また、サブモニター67の外部接続端子に接続するケーブル79は、図10及び図11に示すように、センターピラー27とセンターピラー27の室内側に設ける化粧カバー80の内側を通して、化粧カバー80の台座73に臨む開孔80aから引き出して配策する。そのため、ケーブル79をセンターピラー67によって定まる上下方向の所定の経路に沿って確実に配策することができ、また、ケーブル79の外部への露出度合を少なくして見栄え良く配策することができる。
なお、機体の後方に設ける作業機の作業状態を頻繁に確認しながら作業走行する場合、運転席47をサブモニター67や操作具を集中配置する右側となる時計回りに、例えば10度程度、スイベル調節して、後方を振り向きながら作業状態を確認することがある。

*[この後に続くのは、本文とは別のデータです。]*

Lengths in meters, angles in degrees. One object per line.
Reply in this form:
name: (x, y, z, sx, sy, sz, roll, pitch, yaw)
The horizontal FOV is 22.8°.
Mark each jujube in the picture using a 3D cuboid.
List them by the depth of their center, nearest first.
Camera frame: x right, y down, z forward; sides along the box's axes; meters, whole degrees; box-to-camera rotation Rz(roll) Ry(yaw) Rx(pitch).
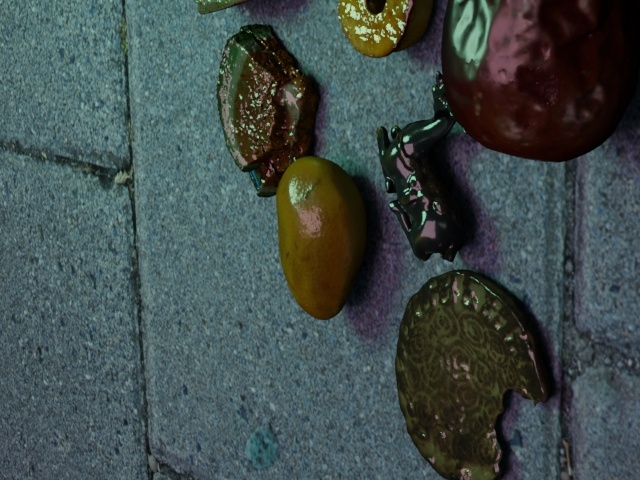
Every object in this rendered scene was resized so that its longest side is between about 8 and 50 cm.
jujube: (0.238, -0.241, 1.673, 0.223, 0.223, 0.318, 23, 109, 49)

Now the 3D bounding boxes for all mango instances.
mango: (0.000, 0.000, 2.139, 0.147, 0.109, 0.227, 11, 111, 48)

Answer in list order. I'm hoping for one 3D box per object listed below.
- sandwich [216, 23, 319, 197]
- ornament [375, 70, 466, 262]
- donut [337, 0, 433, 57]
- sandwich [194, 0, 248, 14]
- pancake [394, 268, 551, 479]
sandwich: (-0.081, -0.171, 2.222, 0.159, 0.079, 0.235, 31, 124, 45)
ornament: (0.163, -0.099, 1.913, 0.236, 0.080, 0.202, -42, 63, 50)
donut: (0.085, -0.303, 1.977, 0.152, 0.058, 0.152, 19, 114, 49)
sandwich: (-0.123, -0.374, 2.198, 0.258, 0.096, 0.094, -4, 108, 54)
pancake: (0.189, 0.177, 2.005, 0.286, 0.033, 0.288, 4, 104, 52)
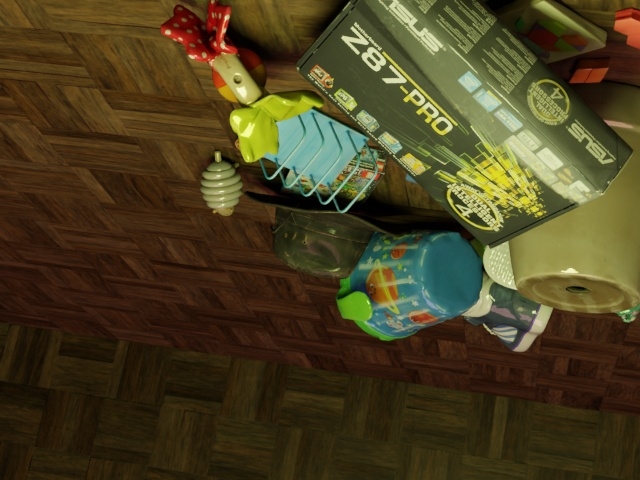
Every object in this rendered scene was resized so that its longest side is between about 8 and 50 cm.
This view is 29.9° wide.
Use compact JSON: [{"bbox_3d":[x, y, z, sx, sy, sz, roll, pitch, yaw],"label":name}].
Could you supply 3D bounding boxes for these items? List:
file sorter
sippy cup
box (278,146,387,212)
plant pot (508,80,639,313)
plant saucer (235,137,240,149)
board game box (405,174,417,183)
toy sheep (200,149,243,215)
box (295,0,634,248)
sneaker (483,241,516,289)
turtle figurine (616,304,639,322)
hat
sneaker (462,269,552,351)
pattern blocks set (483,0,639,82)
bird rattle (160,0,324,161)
[{"bbox_3d":[-0.006,-0.137,2.007,0.170,0.104,0.118,24,119,-33],"label":"file sorter"},{"bbox_3d":[0.194,0.074,2.371,0.240,0.305,0.224,40,153,-23],"label":"sippy cup"},{"bbox_3d":[0.019,-0.122,2.211,0.159,0.044,0.233,13,162,-6],"label":"box"},{"bbox_3d":[0.410,-0.049,1.833,0.323,0.280,0.323,9,161,3],"label":"plant pot"},{"bbox_3d":[-0.113,-0.174,2.182,0.083,0.013,0.083,9,162,3],"label":"plant saucer"},{"bbox_3d":[0.220,-0.130,2.094,0.133,0.033,0.168,5,167,1],"label":"board game box"},{"bbox_3d":[-0.188,-0.108,2.282,0.091,0.132,0.091,-10,-162,3],"label":"toy sheep"},{"bbox_3d":[0.180,-0.181,1.603,0.395,0.097,0.318,44,155,-6],"label":"box"},{"bbox_3d":[0.472,0.022,2.141,0.366,0.135,0.150,-7,175,4],"label":"sneaker"},{"bbox_3d":[0.592,0.068,2.332,0.118,0.175,0.234,-33,176,18],"label":"turtle figurine"},{"bbox_3d":[0.000,0.000,2.297,0.331,0.134,0.331,14,-178,0],"label":"hat"},{"bbox_3d":[0.383,0.146,2.709,0.236,0.130,0.323,20,167,3],"label":"sneaker"},{"bbox_3d":[0.284,-0.276,1.625,0.285,0.026,0.325,19,161,-21],"label":"pattern blocks set"},{"bbox_3d":[-0.130,-0.241,1.756,0.253,0.143,0.207,45,-177,-10],"label":"bird rattle"}]

そこで、この場合のサブモニター67の視認性を向上させるため、サブモニター67を機体後方側に向けてスライドさせて、サブモニター67を見易い位置に固定してもよい。
その場合、サブモニター67は、図16に示すようにセンターピラー27からリヤピラー28にかけて上下2本のガイドレール81を備える支持体82を架設し、図17に示すようにこのガイドレール81にスライダー83を装着する。また、このスライダー83にブラケット74の第1金具75を取り付け、サブモニター67をブラケット74に取り付ければ、サブモニター67をガイドレール81に沿って機体後方側に向けてスライドさせることができる。

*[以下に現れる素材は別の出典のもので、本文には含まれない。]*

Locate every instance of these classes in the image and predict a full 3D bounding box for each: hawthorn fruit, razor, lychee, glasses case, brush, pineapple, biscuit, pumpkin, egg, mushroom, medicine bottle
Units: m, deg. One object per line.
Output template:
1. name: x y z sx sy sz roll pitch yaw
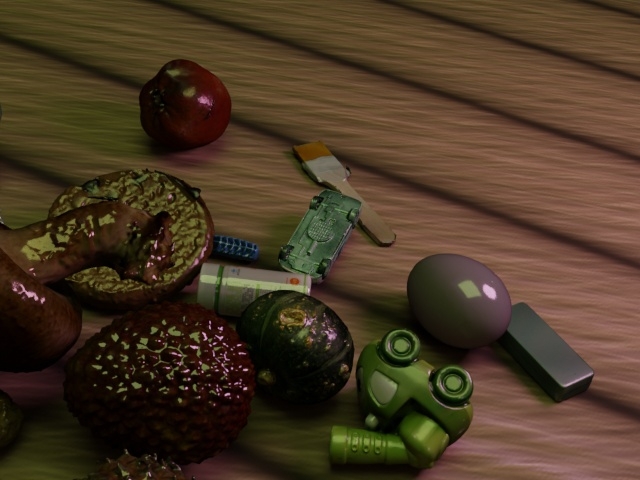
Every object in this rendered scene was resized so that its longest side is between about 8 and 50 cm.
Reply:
1. hawthorn fruit: -0.263 -0.265 1.819 0.185 0.185 0.202 39 13 31
2. razor: -0.235 -0.004 1.612 0.253 0.042 0.082 11 68 5
3. lychee: -0.217 0.197 1.234 0.271 0.236 0.236 8 37 -29
4. glasses case: 0.366 0.183 1.490 0.078 0.039 0.184 -18 47 -26
5. brush: 0.050 -0.095 1.781 0.085 0.020 0.336 -15 46 -25
6. pineapple: -0.240 0.345 1.119 0.193 0.166 0.166 14 41 11
7. biscuit: -0.329 -0.002 1.541 0.296 0.075 0.296 1 57 -2
8. pumpkin: -0.041 0.162 1.340 0.190 0.190 0.146 17 39 10
9. egg: 0.227 0.098 1.485 0.146 0.146 0.199 -22 43 -30
10. mushroom: -0.425 0.031 1.242 0.334 0.356 0.331 45 14 -12
11. medicine bottle: -0.110 0.089 1.490 0.183 0.086 0.086 7 40 -2

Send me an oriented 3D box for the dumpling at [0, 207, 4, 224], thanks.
1. dumpling: -0.643 -0.007 1.502 0.217 0.105 0.149 -5 42 -15

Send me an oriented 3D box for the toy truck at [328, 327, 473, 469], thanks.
1. toy truck: 0.124 0.254 1.305 0.187 0.148 0.210 19 62 8

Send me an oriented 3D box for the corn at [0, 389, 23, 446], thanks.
1. corn: -0.568 0.203 1.263 0.322 0.119 0.119 20 42 11

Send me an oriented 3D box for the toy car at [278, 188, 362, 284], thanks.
1. toy car: 0.000 0.000 1.619 0.090 0.076 0.224 20 50 12

また、サブモニター67を所定位置に固定する場合は、スライダー83のクランプ84を締めればよい。さらに、サブモニター67を上下方向に高さ調節自在にしたい場合は、前記ガイドレール81をセンターピラー27に上下方向として取り付けることによって、同様にサブモニター67をガイドレール81に沿って高さ調節を行うことができる。

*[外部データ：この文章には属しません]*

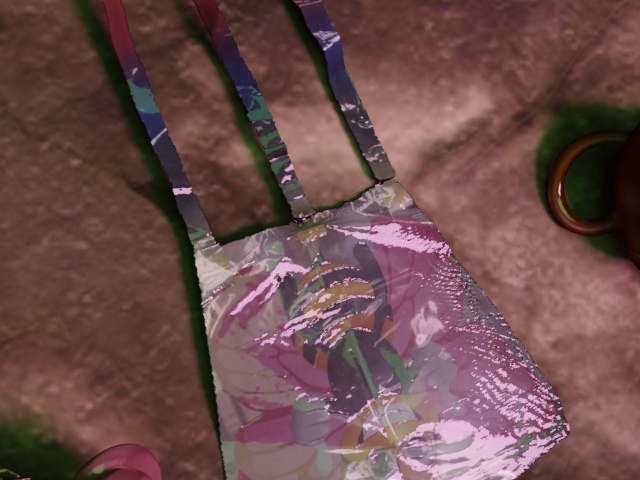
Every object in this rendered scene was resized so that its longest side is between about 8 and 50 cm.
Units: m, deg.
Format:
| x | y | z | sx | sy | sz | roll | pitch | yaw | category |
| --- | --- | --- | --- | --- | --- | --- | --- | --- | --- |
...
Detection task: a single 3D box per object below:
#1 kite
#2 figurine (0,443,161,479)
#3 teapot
| x | y | z | sx | sy | sz | roll | pitch | yaw | category |
| --- | --- | --- | --- | --- | --- | --- | --- | --- | --- |
| -0.001 | 0.000 | 0.827 | 0.204 | 0.022 | 0.360 | -20 | 91 | -17 | kite |
| -0.135 | 0.154 | 0.716 | 0.157 | 0.114 | 0.126 | 20 | 67 | -11 | figurine |
| 0.216 | -0.015 | 0.853 | 0.173 | 0.116 | 0.116 | 12 | 77 | 14 | teapot |
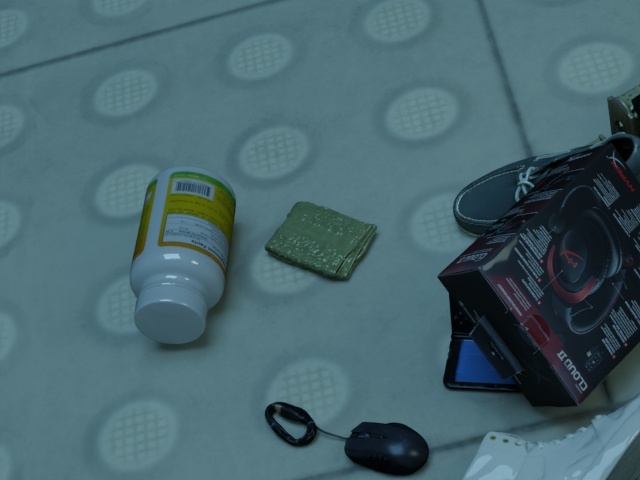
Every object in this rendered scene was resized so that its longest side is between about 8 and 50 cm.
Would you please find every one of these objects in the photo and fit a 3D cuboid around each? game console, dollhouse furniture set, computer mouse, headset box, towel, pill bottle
[{"bbox_3d":[0.233,0.124,1.852,0.144,0.124,0.085,1,22,18],"label":"game console"},{"bbox_3d":[0.470,-0.141,1.996,0.182,0.101,0.161,-30,47,-9],"label":"dollhouse furniture set"},{"bbox_3d":[0.029,0.247,1.835,0.242,0.041,0.071,11,55,27],"label":"computer mouse"},{"bbox_3d":[0.306,0.054,1.777,0.293,0.218,0.110,-42,11,-23],"label":"headset box"},{"bbox_3d":[0.000,0.000,2.076,0.148,0.027,0.110,19,58,30],"label":"towel"},{"bbox_3d":[-0.201,0.023,2.045,0.136,0.136,0.245,-6,48,13],"label":"pill bottle"}]

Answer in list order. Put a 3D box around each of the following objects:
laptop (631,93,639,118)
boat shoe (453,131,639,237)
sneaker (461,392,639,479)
[{"bbox_3d":[0.545,-0.110,1.855,0.234,0.264,0.136,-27,-2,33],"label":"laptop"},{"bbox_3d":[0.314,-0.083,1.948,0.319,0.099,0.116,-12,64,30],"label":"boat shoe"},{"bbox_3d":[0.285,0.253,1.701,0.292,0.108,0.169,-43,53,-19],"label":"sneaker"}]
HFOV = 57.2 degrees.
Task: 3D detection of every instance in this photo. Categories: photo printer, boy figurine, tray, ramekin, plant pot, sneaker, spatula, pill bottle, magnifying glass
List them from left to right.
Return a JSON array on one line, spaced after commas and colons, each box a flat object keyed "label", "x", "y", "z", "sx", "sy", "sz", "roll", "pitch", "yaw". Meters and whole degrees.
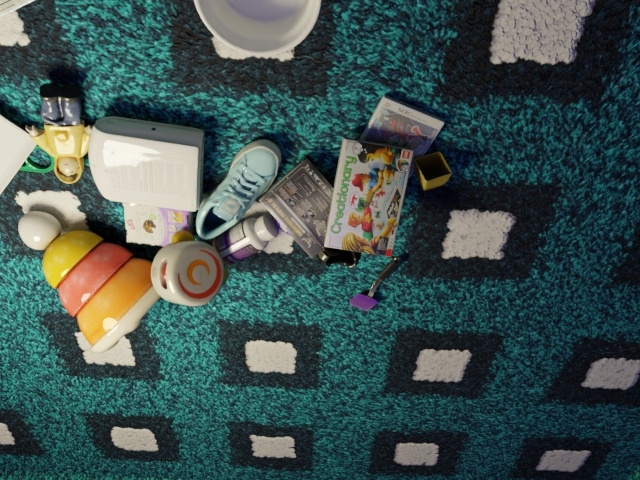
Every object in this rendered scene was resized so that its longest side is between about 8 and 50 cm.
[{"label": "tray", "x": -0.916, "y": -0.246, "z": 1.656, "sx": 0.145, "sy": 0.030, "sz": 0.270, "roll": 37, "pitch": 121, "yaw": -25}, {"label": "magnifying glass", "x": -0.871, "y": -0.225, "z": 1.707, "sx": 0.231, "sy": 0.026, "sz": 0.092, "roll": -14, "pitch": 129, "yaw": 12}, {"label": "boy figurine", "x": -0.703, "y": -0.283, "z": 1.597, "sx": 0.177, "sy": 0.092, "sz": 0.285, "roll": 0, "pitch": 130, "yaw": -18}, {"label": "photo printer", "x": -0.484, "y": -0.212, "z": 1.639, "sx": 0.308, "sy": 0.107, "sz": 0.256, "roll": 7, "pitch": 133, "yaw": -6}, {"label": "sneaker", "x": -0.234, "y": -0.125, "z": 1.679, "sx": 0.135, "sy": 0.150, "sz": 0.366, "roll": 29, "pitch": 126, "yaw": -22}, {"label": "pill bottle", "x": -0.228, "y": -0.006, "z": 1.810, "sx": 0.194, "sy": 0.108, "sz": 0.108, "roll": -26, "pitch": 125, "yaw": 23}, {"label": "ramekin", "x": -0.133, "y": -0.567, "z": 1.298, "sx": 0.278, "sy": 0.135, "sz": 0.277, "roll": 1, "pitch": 132, "yaw": 1}, {"label": "sneaker", "x": 0.001, "y": 0.000, "z": 1.779, "sx": 0.294, "sy": 0.146, "sz": 0.102, "roll": 21, "pitch": 130, "yaw": -17}, {"label": "spatula", "x": 0.191, "y": 0.147, "z": 1.975, "sx": 0.084, "sy": 0.030, "sz": 0.296, "roll": 22, "pitch": 129, "yaw": -13}, {"label": "plant pot", "x": 0.308, "y": -0.185, "z": 1.641, "sx": 0.082, "sy": 0.081, "sz": 0.083, "roll": -19, "pitch": 155, "yaw": -9}]

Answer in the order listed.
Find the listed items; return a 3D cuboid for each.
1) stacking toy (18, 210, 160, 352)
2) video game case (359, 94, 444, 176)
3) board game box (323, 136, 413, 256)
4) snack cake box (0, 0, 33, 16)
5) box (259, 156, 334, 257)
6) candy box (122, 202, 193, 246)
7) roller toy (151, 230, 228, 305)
[{"label": "stacking toy", "x": -0.733, "y": 0.082, "z": 1.834, "sx": 0.480, "sy": 0.350, "sz": 0.351, "roll": 45, "pitch": 121, "yaw": -11}, {"label": "video game case", "x": 0.210, "y": -0.280, "z": 1.607, "sx": 0.184, "sy": 0.023, "sz": 0.201, "roll": 19, "pitch": 129, "yaw": -13}, {"label": "board game box", "x": 0.129, "y": -0.117, "z": 1.619, "sx": 0.193, "sy": 0.053, "sz": 0.305, "roll": 8, "pitch": 104, "yaw": -5}, {"label": "snack cake box", "x": -0.785, "y": -0.585, "z": 1.343, "sx": 0.265, "sy": 0.089, "sz": 0.152, "roll": -16, "pitch": 130, "yaw": 16}, {"label": "box", "x": -0.032, "y": -0.093, "z": 1.676, "sx": 0.183, "sy": 0.056, "sz": 0.231, "roll": -41, "pitch": 101, "yaw": 7}, {"label": "candy box", "x": -0.493, "y": -0.064, "z": 1.797, "sx": 0.196, "sy": 0.070, "sz": 0.164, "roll": 7, "pitch": 131, "yaw": -4}, {"label": "roller toy", "x": -0.400, "y": 0.095, "z": 1.753, "sx": 0.146, "sy": 0.191, "sz": 0.209, "roll": 1, "pitch": 134, "yaw": 49}]

なお、上述した実施形態において、操作具を集中配置するサイドコンソール49を運転席47の右側に設け、サブモニター67も同じ側の右側のセンターピラー27に取り付けるが、サイドコンソール49を運転席47の左側に設ける場合は、サブモニター67も同じ側の左側のセンターピラー27に取り付けてもよい。また、サブモニター67はタッチパネル式にしたり、有機ELディスブレイを使用してもよく、さらに、エンジンの作動状態等を監視してこれを表示するのではなく、サブモニター67をGPSガイダンスモニターとして使用してもよく、本発明は、前記実施形態に限定されるものではない。